In addition, some patients with low CHA₂DS₂-VASc scores were also found to be taking OAC (36.1% for men with a CHA₂DS₂-VASc score of 0, and 31.9% for women with a CHA₂DS₂-VASc score of 1). It is possible that CHA₂DS₂-VASc scores are underreported in this study. Our look-back period was 365 days, which may have led to missing vascular events that occurred earlier. Additionally, CHA₂DS₂-VASc scores were assessed at baseline and could have increased during the follow-up period, during which OAC might have been initiated. Despite these factors, the current finding aligns with previous studies that also reported higher-than-expected OAC use in populations with low CHA₂DS₂-VASc scores. A study in Australia reported that 25.1% of AF patients with low stroke risk (CHA₂DS₂-VASc score of 0 for males and 1 for females) had a record of OAC prescription within 60 days of AF diagnosis (31). Another study in the US using the PINNACLE registry found OAC use in 31.1% of AF patients with a CHA₂DS₂-VASc score of 0 and 34.6% with a CHA₂DS₂-VASc score of 1 (32). Further research is necessary to better understand benefits and potential risks of OAC use in patients with low CHA₂DS₂-VASc scores.

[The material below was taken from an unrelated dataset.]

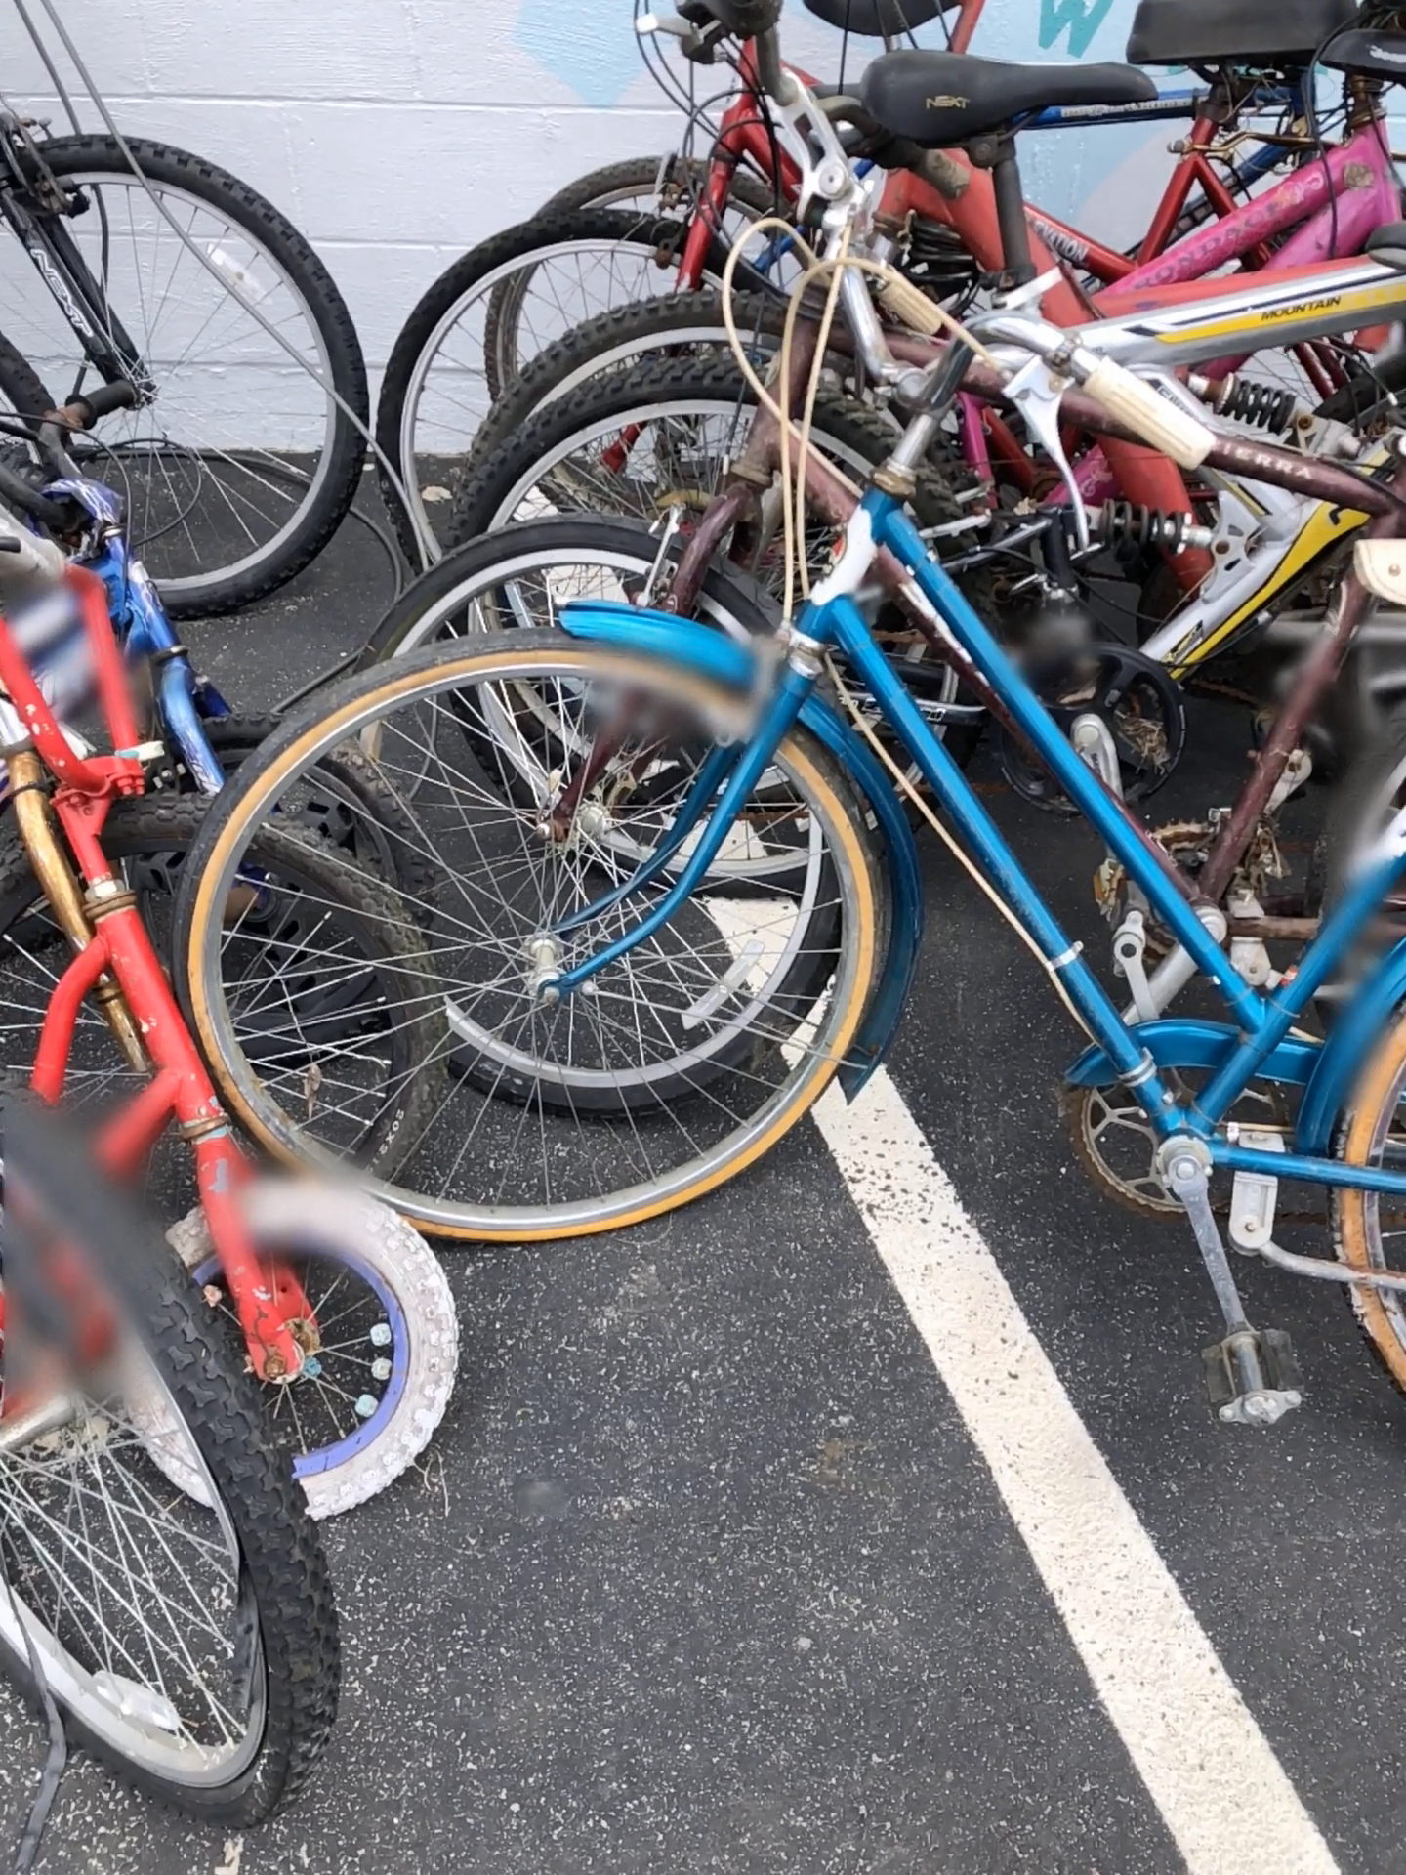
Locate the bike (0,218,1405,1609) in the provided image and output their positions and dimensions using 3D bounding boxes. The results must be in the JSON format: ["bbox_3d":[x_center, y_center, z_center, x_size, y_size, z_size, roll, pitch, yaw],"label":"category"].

Studies have investigated demographic and clinical characteristics influencing the OAC use, reporting that factors such as older age, female, Black race, and certain comorbidities including dementia, frailty, anemia, bleeding were associated with decreased odds of OAC initiation (11, 12). In contrast, histories of cardiovascular diseases, including stroke, SE, and obesity, were associated with increased likelihood of OAC prescription. Interestingly, there was no substantial difference in CHA₂DS₂-VASc score and HAS-BLED scores between OAC users and non-users. The current study aligns with these observations. Despite similar demographic characteristics between OAC users and non-users, a distinct comorbidity profile was observed: OAC users showed a higher prevalence of cardiovascular disease and risk factors, whereas non-OAC users had a higher prevalence of malignancy and dementia. The CHA₂DS₂-VASc score was slightly higher among OAC users, with no notable difference in HAS-BLED scores between the groups. These insights underline the complexity of decision-making in anticoagulant therapy and highlight the necessity for a nuanced approach that considers individual patient profiles beyond risk scores alone. This could be pivotal in improving OAC utilization where it is most needed, potentially optimizing therapeutic outcomes in atrial fibrillation management.

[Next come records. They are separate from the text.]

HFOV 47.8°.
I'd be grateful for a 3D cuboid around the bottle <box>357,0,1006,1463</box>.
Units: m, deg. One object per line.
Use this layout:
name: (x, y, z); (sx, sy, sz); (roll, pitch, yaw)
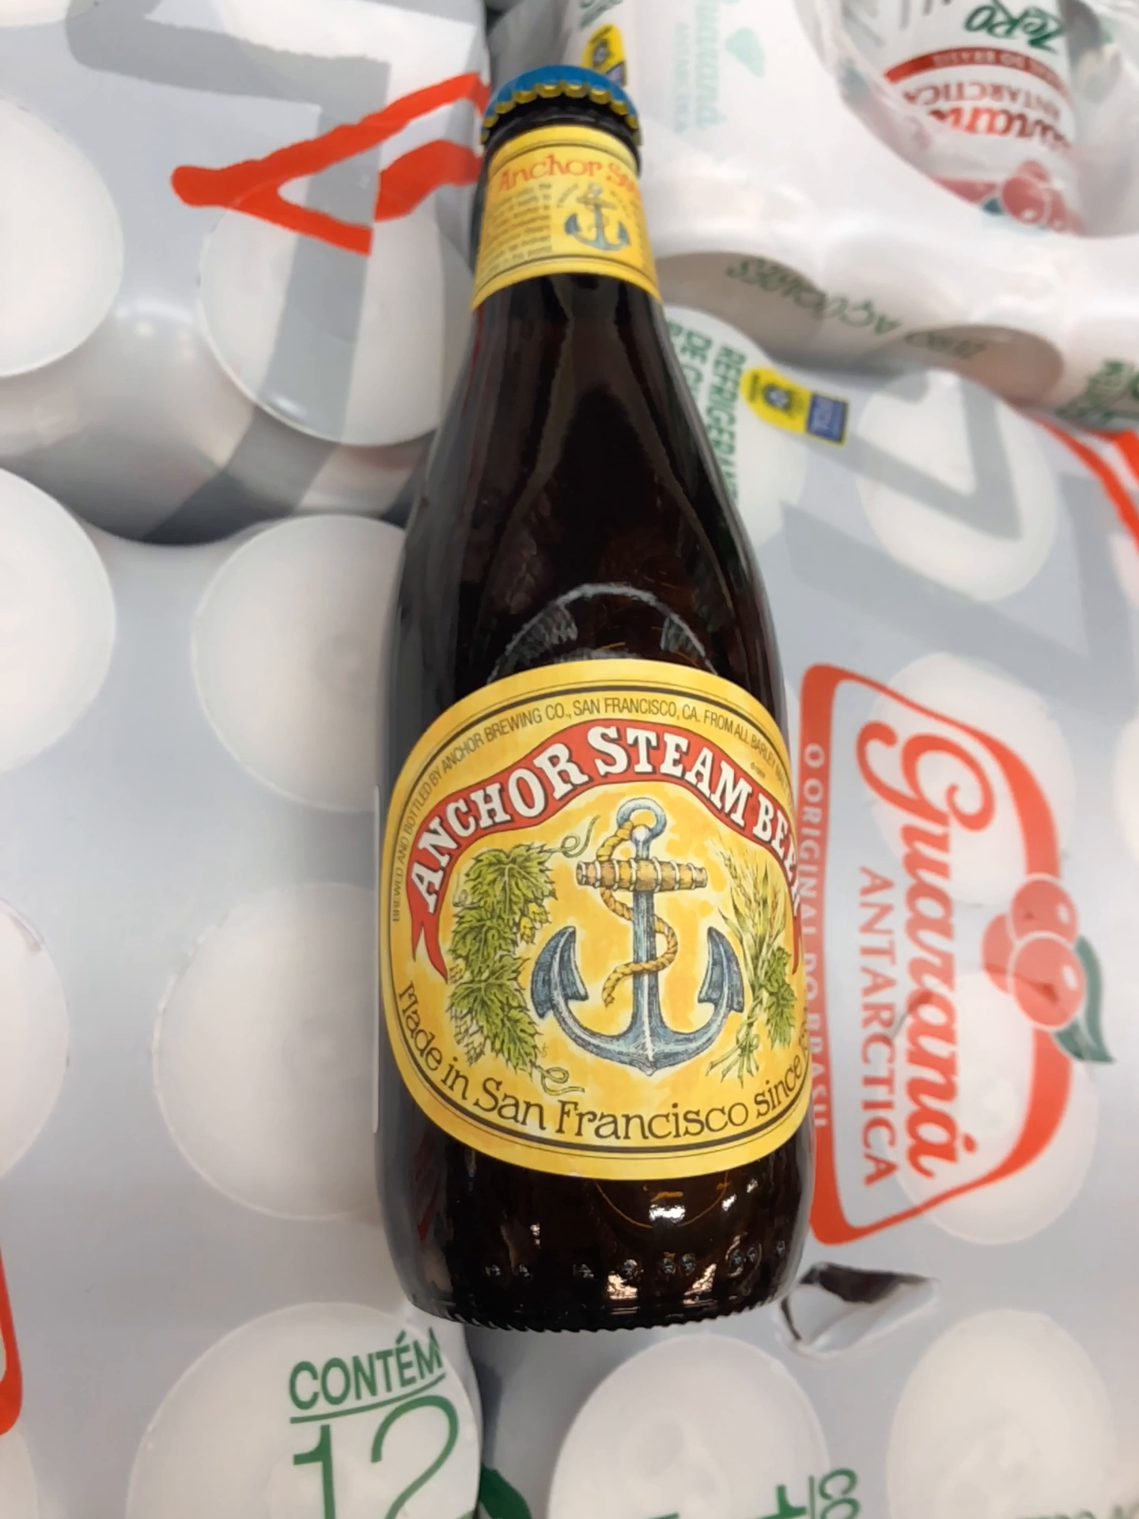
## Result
bottle: (0.009, -0.026, 0.199); (0.070, 0.060, 0.220); (2, 79, -22)
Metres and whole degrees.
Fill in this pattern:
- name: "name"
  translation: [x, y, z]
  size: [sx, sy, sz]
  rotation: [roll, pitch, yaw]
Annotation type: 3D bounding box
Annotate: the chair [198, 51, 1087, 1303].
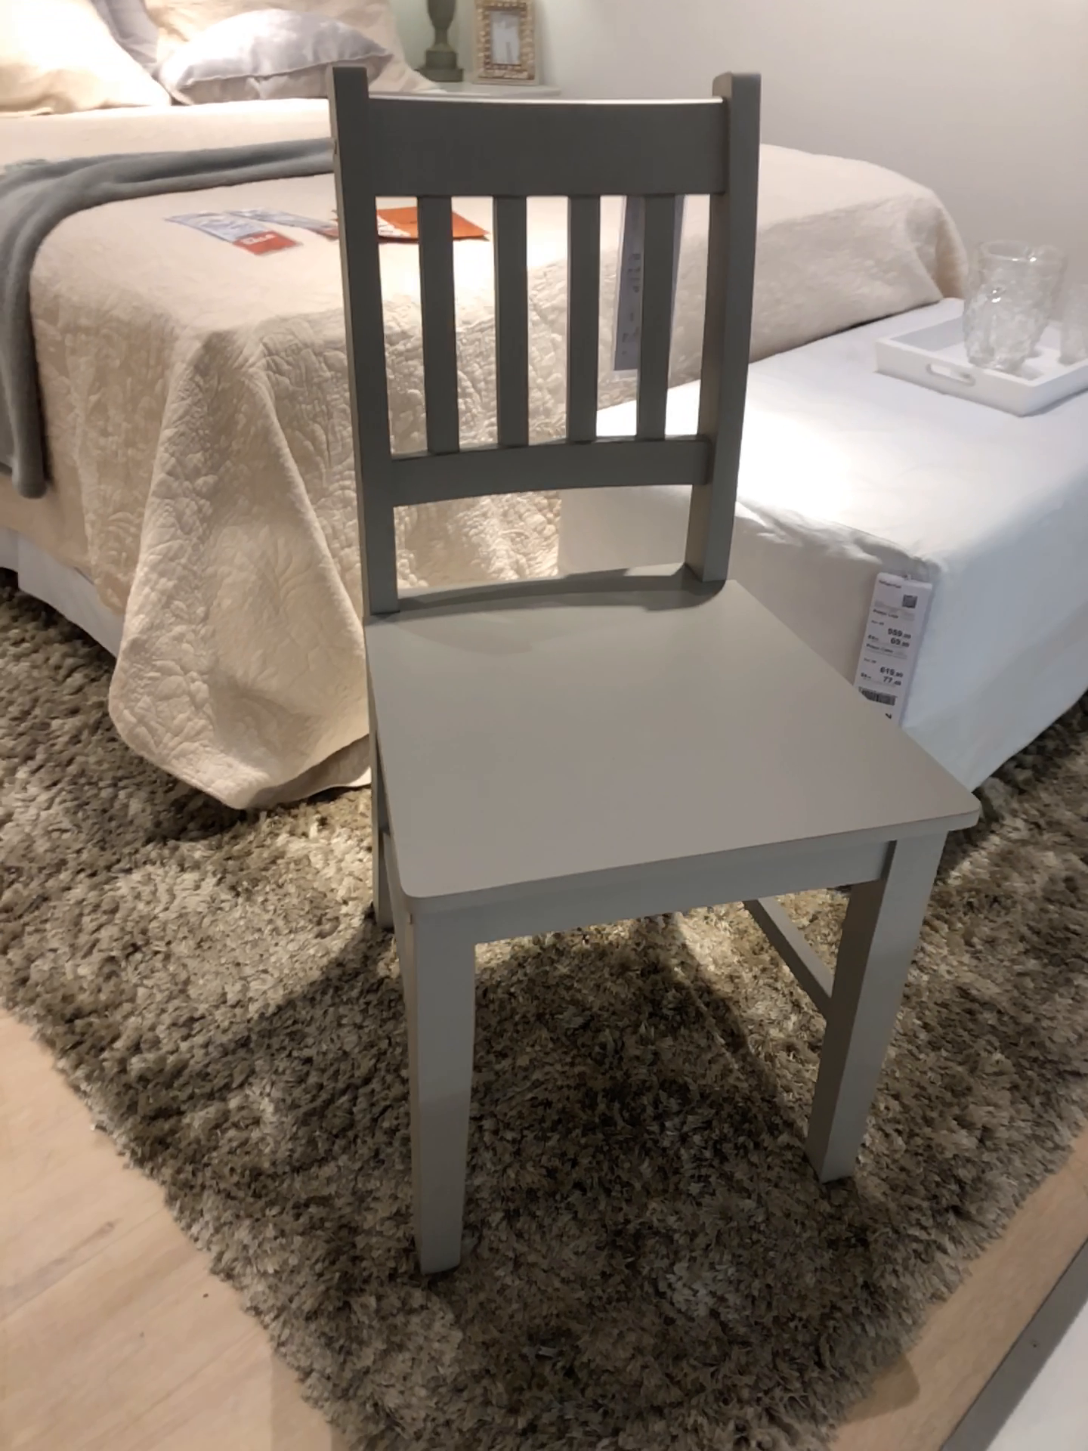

The current study emphasized that initiating OAC early might be associated with a decreased risk of all-cause hospitalization and hospitalization due to stroke/SE. Although few studies have explored the association between the timing of OAC initiation and hospitalization risk, this observation is in line with findings from a 3-year follow-up study, which demonstrated that OAC use was associated with a 7% lower risk of all-cause hospitalization compared to non-use among Medicare beneficiaries with AF (33). Although studies specifically examining NVAF patients without prior stroke are limited, there is substantial literature assessing OAC timing for those with NVAF and concurrent stroke (14–17). These studies largely indicated similar safety and effectiveness regardless of whether OAC therapy initiates earlier or later. A meta-analysis comprising six cohort studies and two randomized controlled trials reported no significant difference in the safety and efficacy of OACs initiated within one to two weeks following an acute ischemic stroke (16). Consistent with these findings, the Early vs. Late Initiation of Direct Oral Anticoagulants in Post-ischemic Stroke Patients with Atrial Fibrillation (ELAN) trial showed no significant difference in the combined outcomes, including recurrent ischemic stroke, systemic embolism, major bleeding, symptomatic intracranial hemorrhage, or vascular death, within 30 days of starting early vs. later direct oral anticoagulant (DOAC) administration in patients with NVAF and acute ischemic stroke (OR 0.70, 95% CI 0.44–1.14) (14). Interestingly, a lower risk was observed at the 90-day interval (OR 0.65, 95% CI 0.42–0.99) (14). Other studies, including the TIMING study, a registry-based randomized controlled noninferiority trial, have similarly found no substantial association between the timing of OAC initiation and stroke outcomes following an acute ischemic stroke (15, 17). In the current study, stratified by stroke history, NVAF patients would benefit from initiating OAC earlier regarding stroke/SE with or without stroke history. These collective insights suggest that while the early initiation of OACs might not necessarily amplify adverse outcomes, its advantages, especially in patients without prior stroke, are yet to be conclusively determined. This highlights an evident gap in knowledge and the pressing need for further investigations into the timing of OAC initiation in NVAF patients without a stroke history.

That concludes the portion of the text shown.